During the war, Nazi SS Colonel Christian Wolfgang Stangl-known as "the Wolf"-controlled the narrow mountain railroad pass in the Bavarian Alps used to ship millions of dollars in gold and war loot. Pennington had been sent on a suicide mission to shut down the pass-but the Wolf got away. Now it appears as if the Wolf is at his door.
Author Notes
Steve Thayer was born in St. Paul, Minnesota on March 23, 1953. He graduated from the American Academy of Dramatic Arts in Pasadena, California in 1976. He started writing his first book, Saint Mudd, in 1982. His other works include The Weatherman and Wheat Field.
(Bowker Author Biography)
Reviews (2)
Publisher's Weekly Review
Thayer brings back Deputy Sheriff P.A. Pennington of Kickapoo County, Wis. (hero of last year's The Wheat Field), who singlehandedly solves a set of sniper murders in which he is the chief suspect. The thriller is set in 1962, when Pennington is running for sheriff. As a Catholic, he meets with a good deal of suspicion from his largely Protestant electorate. That suspicion gets new focus when the double murder of a railway engineer and his wife disrupts the campaign, as the wife is a former lover of Pennington's. The engineer is shot at long range, and Pennington, a brilliant sharpshooter during WWII, is the obvious suspect in both murders. Yet he has a strong hunch about the real identity of the killer: former SS officer Col. Wolfgang Stangl. During the war, Pennington had escaped from a prison camp that Stangl directed. Now, Pennington believes, Stangl has come to the U.S. to set him up in a complicated revenge plot-and, what's worse, Stangl seems to be plotting to assassinate President Kennedy. Needless to say, Kickapoo law enforcement finds this story a bit far-fetched. But Pennington has a comely female Scotland Yard detective on his side, who mysteriously shows up in Kickapoo to help him out with the case. Their attempts to unveil Stangl bring the novel to a stunning climax.

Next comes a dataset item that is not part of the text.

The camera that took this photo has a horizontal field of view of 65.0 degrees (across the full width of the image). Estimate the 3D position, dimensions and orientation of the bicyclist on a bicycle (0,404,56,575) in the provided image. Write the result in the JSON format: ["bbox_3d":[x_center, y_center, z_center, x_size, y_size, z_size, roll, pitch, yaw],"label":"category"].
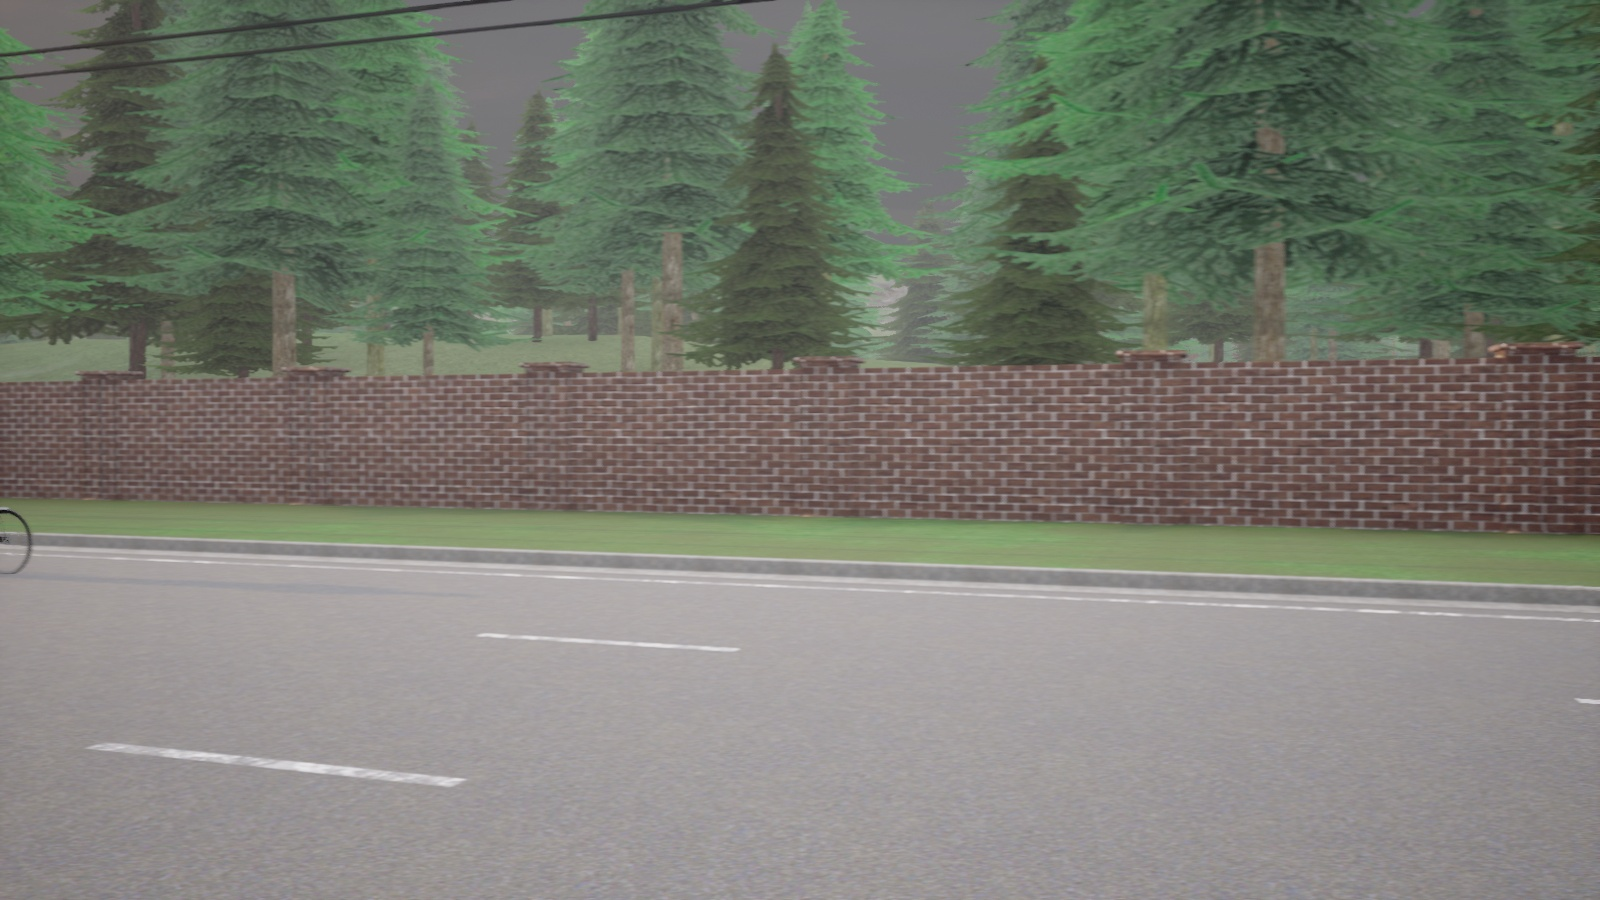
[{"bbox_3d":[-9.066,0.397,13.627,1.843,1.776,0.659,1,1,19],"label":"bicyclist on a bicycle"}]

This fast-paced, sexy suspense novel also offers a snapshot of postwar ethnic and social rivalries in the bucolic fictional Wisconsin county. (Mar.) (c) Copyright PWxyz, LLC. All rights reserved
Kirkus Review
Renegade SS officer exacts vengeance on the cop who gave him so much trouble during the war. Leaving his earlier Twin Cities settings, Thayer (Saint Mudd, 1992, etc.) returns to little Kickapoo Falls, Wisconsin, and to Deputy Pennington, the WWII sniper who starred in Wheat Field (2002). It's now 1963, and Pennington is running for sheriff--tricky, given that he's a Catholic in an overwhelmingly Protestant region and also that he drags more than a few rumors behind him--just as a sniper takes out two local residents. The first is a railway engineer, shot in his train from such a distance that sharpshooter Pennington is the prime suspect. Next is the engineer's wife, a lonely beauty who used to invite Pennington over for canoodling (also tricky, since Pennington has been unable to, well, function since the war). Though he takes his sweet time saying so, Pennington is sure who the shooter is: Colonel Wolfgang Stangl. Your prototypic aristocrat SS sadist, Stangl imprisoned Pennington after he'd been parachuted into Germany to wreak some havoc with his sniper rifle on the critical rail junction of Wolf Pass (his first kill was an engineer on a train), which was under Stangl's purview. Nobody, of course, believes that an SS killer is really stalking Pennington, especially not his opponent in the sheriff's race, who's backed by the Gunn Club and its wealthy German-American--and Nazi-sympathetic--followers. Add to all this the gorgeous female Scotland Yard inspector who shows up to help Pennington, and Pennington's suspicion that Stangl is leading up to an assassination attempt on President Kennedy, with whom Pennington is soon to attend a Mass in St. Paul. Thayer puts his usual mix of whipcrack pacing and sexual obsession ("It seems like all the women in Kickapoo County had big tits") to fine use in this local noir. Well-researched, violent as always: an excellent addition to what's becoming a promising series of thrillers. Copyright ©Kirkus Reviews, used with permission.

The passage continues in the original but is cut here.